Directions: When you repeat the entries below, please keep them exact and leave out the pictures.

Data shown:
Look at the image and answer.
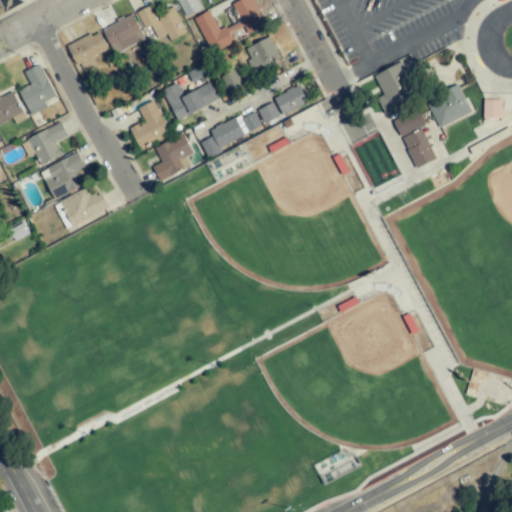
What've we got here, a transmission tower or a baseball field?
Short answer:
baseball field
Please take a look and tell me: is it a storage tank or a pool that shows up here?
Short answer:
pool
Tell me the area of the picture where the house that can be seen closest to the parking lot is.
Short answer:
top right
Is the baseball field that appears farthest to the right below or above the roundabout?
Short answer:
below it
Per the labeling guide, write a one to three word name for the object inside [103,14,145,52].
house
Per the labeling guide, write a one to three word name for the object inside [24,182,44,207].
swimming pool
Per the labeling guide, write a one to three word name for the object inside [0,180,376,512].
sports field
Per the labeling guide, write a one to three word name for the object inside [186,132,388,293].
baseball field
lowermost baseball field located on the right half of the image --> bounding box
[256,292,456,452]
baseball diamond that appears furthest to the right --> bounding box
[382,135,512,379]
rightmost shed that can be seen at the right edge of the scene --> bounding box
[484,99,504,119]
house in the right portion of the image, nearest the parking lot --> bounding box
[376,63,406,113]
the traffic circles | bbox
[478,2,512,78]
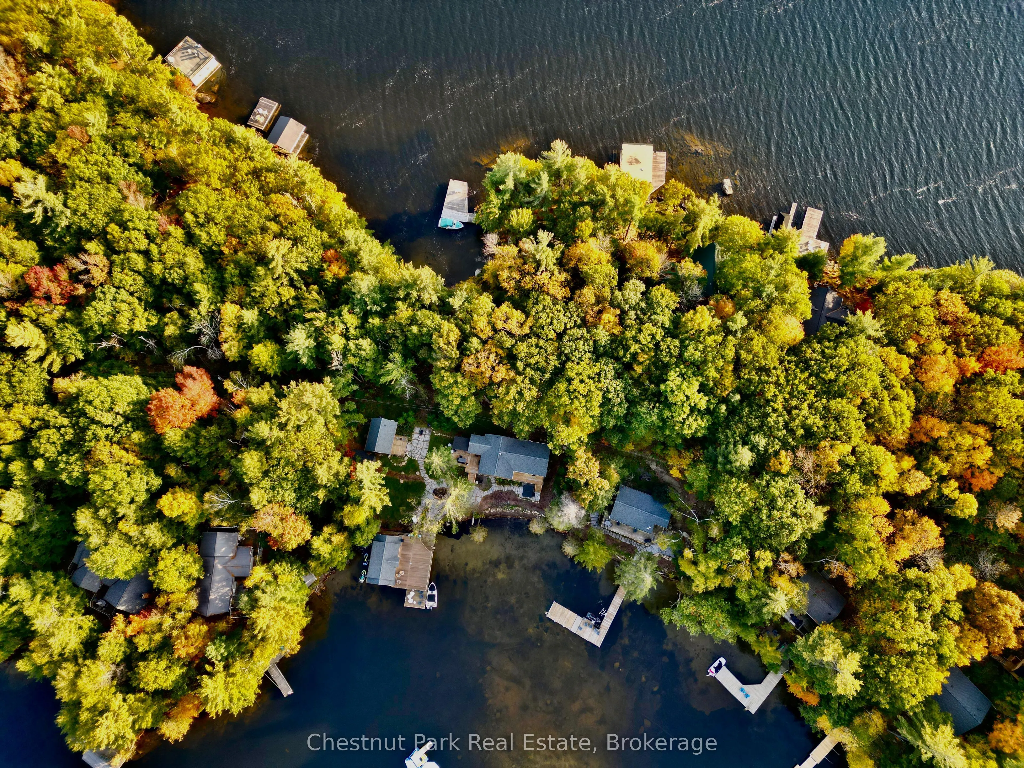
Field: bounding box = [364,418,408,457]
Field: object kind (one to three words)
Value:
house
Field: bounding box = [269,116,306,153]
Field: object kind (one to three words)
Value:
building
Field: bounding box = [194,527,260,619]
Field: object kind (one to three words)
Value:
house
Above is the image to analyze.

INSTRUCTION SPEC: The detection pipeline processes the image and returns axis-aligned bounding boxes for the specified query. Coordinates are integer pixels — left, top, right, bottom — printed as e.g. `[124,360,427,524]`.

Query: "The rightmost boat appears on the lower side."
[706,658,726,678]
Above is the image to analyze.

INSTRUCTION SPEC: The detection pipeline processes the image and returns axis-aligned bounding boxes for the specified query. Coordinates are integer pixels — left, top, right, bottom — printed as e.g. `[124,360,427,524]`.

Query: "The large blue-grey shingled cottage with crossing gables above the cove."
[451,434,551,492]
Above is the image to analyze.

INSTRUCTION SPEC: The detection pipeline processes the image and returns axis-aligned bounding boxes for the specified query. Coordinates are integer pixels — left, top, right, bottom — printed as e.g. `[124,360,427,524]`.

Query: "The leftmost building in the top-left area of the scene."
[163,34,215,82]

Solution to the problem:
Look at the image and answer.
What've we got here, a transmission tower or a baseball field?
Short answer:
baseball field
Please take a look and tell me: is it a storage tank or a pool that shows up here?
Short answer:
pool
Tell me the area of the picture where the house that can be seen closest to the parking lot is.
Short answer:
top right
Is the baseball field that appears farthest to the right below or above the roundabout?
Short answer:
below it
Per the labeling guide, write a one to three word name for the object inside [103,14,145,52].
house
Per the labeling guide, write a one to three word name for the object inside [24,182,44,207].
swimming pool
Per the labeling guide, write a one to three word name for the object inside [0,180,376,512].
sports field
Per the labeling guide, write a one to three word name for the object inside [186,132,388,293].
baseball field
lowermost baseball field located on the right half of the image --> bounding box
[256,292,456,452]
baseball diamond that appears furthest to the right --> bounding box
[382,135,512,379]
rightmost shed that can be seen at the right edge of the scene --> bounding box
[484,99,504,119]
house in the right portion of the image, nearest the parking lot --> bounding box
[376,63,406,113]
the traffic circles | bbox
[478,2,512,78]
Field: bounding box = [364,418,408,457]
Field: object kind (one to three words)
Value:
house
Field: bounding box = [269,116,306,153]
Field: object kind (one to three words)
Value:
building
Field: bounding box = [194,527,260,619]
Field: object kind (one to three words)
Value:
house
Above is the image to analyze.

INSTRUCTION SPEC: The detection pipeline processes the image and returns axis-aligned bounding boxes for the specified query. Coordinates are integer pixels — left, top, right, bottom — printed as e.g. `[124,360,427,524]`.

Query: "The rightmost boat appears on the lower side."
[706,658,726,678]
Above is the image to analyze.

INSTRUCTION SPEC: The detection pipeline processes the image and returns axis-aligned bounding boxes for the specified query. Coordinates are integer pixels — left, top, right, bottom — printed as e.g. `[124,360,427,524]`.

Query: "The large blue-grey shingled cottage with crossing gables above the cove."
[451,434,551,492]
Above is the image to analyze.

INSTRUCTION SPEC: The detection pipeline processes the image and returns axis-aligned bounding boxes for the specified query. Coordinates are integer pixels — left, top, right, bottom — printed as e.g. `[124,360,427,524]`.

Query: "The leftmost building in the top-left area of the scene."
[163,34,215,82]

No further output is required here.